Extracted data entries:
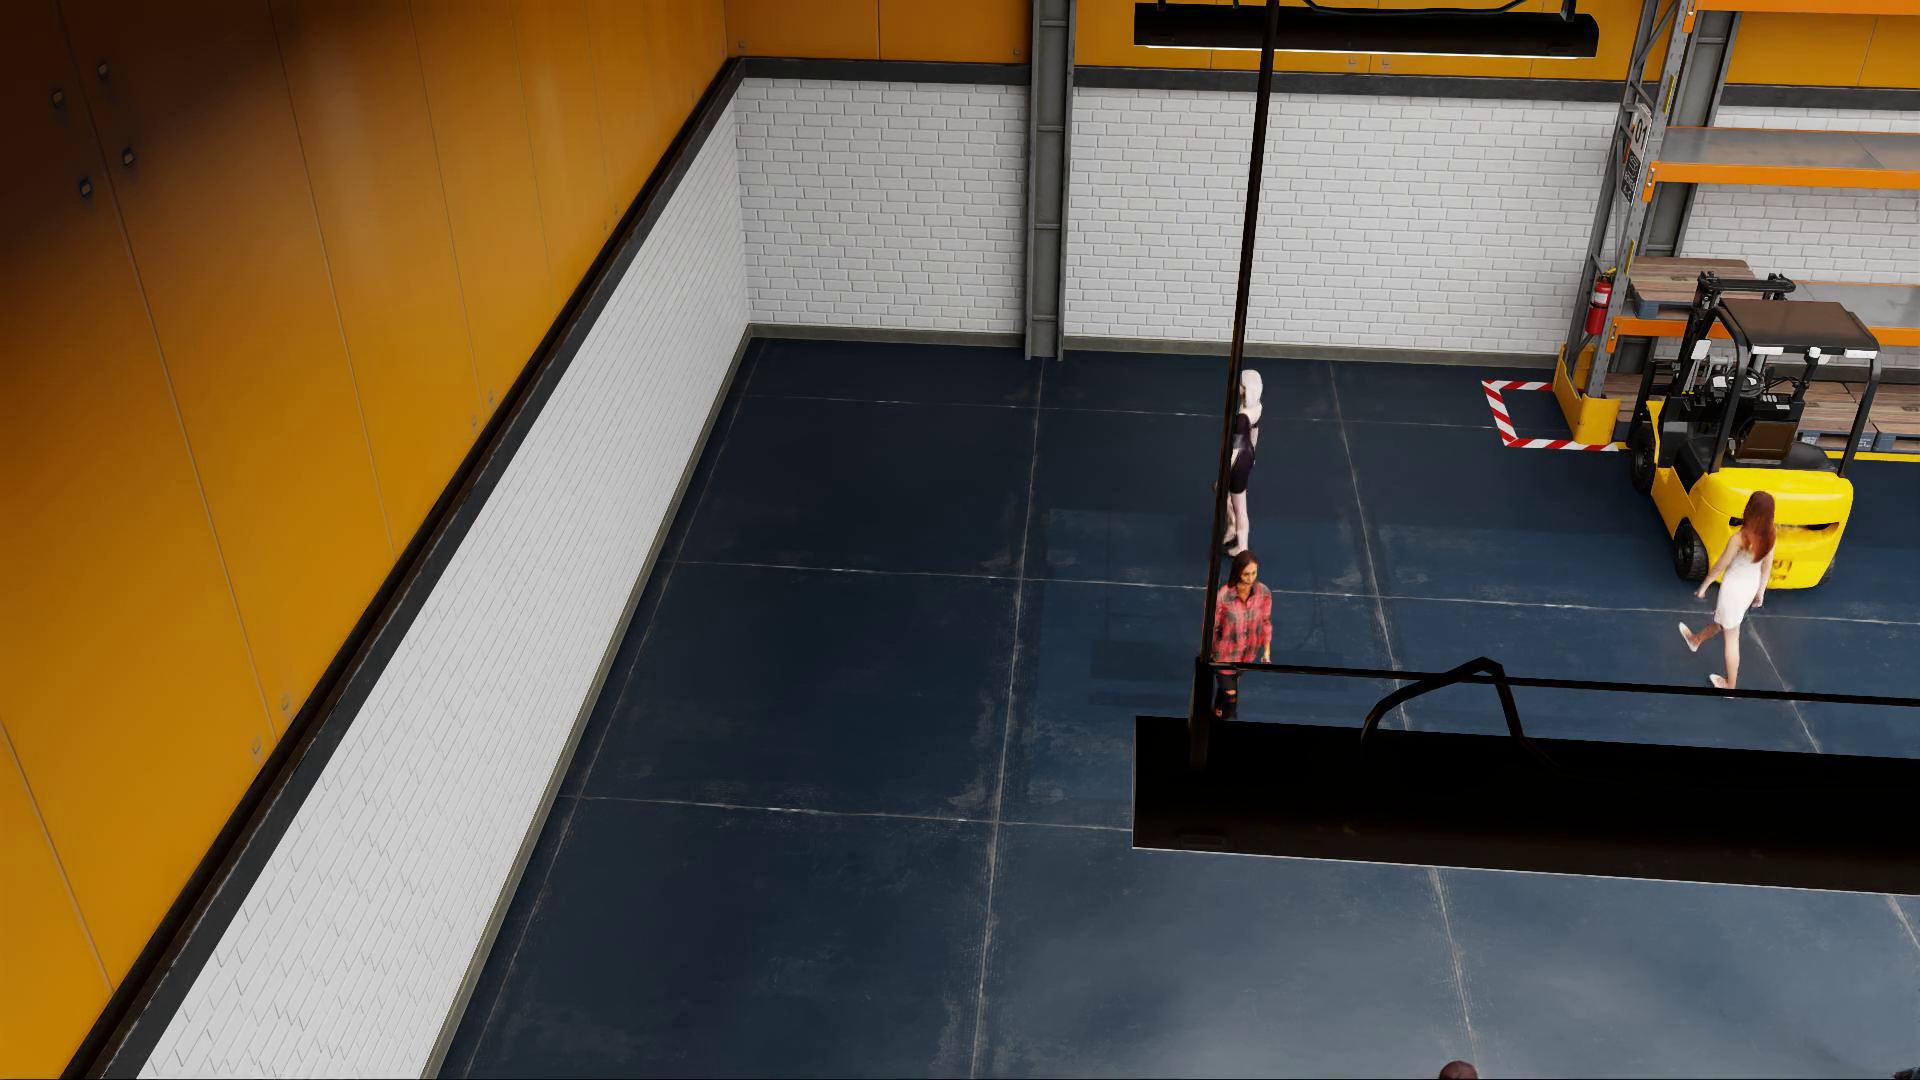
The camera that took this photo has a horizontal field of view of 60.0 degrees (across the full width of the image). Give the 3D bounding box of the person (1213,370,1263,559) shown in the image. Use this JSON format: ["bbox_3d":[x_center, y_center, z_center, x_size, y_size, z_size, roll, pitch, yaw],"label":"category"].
[{"bbox_3d":[2.429,-0.589,13.917,0.705,1.817,0.690,13,36,18],"label":"person"}]

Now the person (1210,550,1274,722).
[{"bbox_3d":[1.954,0.756,12.023,1.032,1.672,0.940,-11,35,-15],"label":"person"}]

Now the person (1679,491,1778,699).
[{"bbox_3d":[5.894,0.445,12.483,1.048,1.682,0.902,-10,35,-14],"label":"person"}]

## Task goal
Aside from the pictures, copy all of the entries exactly.

## Exercise solution
The camera that took this photo has a horizontal field of view of 60.0 degrees (across the full width of the image). Give the 3D bounding box of the person (1213,370,1263,559) shown in the image. Use this JSON format: ["bbox_3d":[x_center, y_center, z_center, x_size, y_size, z_size, roll, pitch, yaw],"label":"category"].
[{"bbox_3d":[2.429,-0.589,13.917,0.705,1.817,0.690,13,36,18],"label":"person"}]

Now the person (1210,550,1274,722).
[{"bbox_3d":[1.954,0.756,12.023,1.032,1.672,0.940,-11,35,-15],"label":"person"}]

Now the person (1679,491,1778,699).
[{"bbox_3d":[5.894,0.445,12.483,1.048,1.682,0.902,-10,35,-14],"label":"person"}]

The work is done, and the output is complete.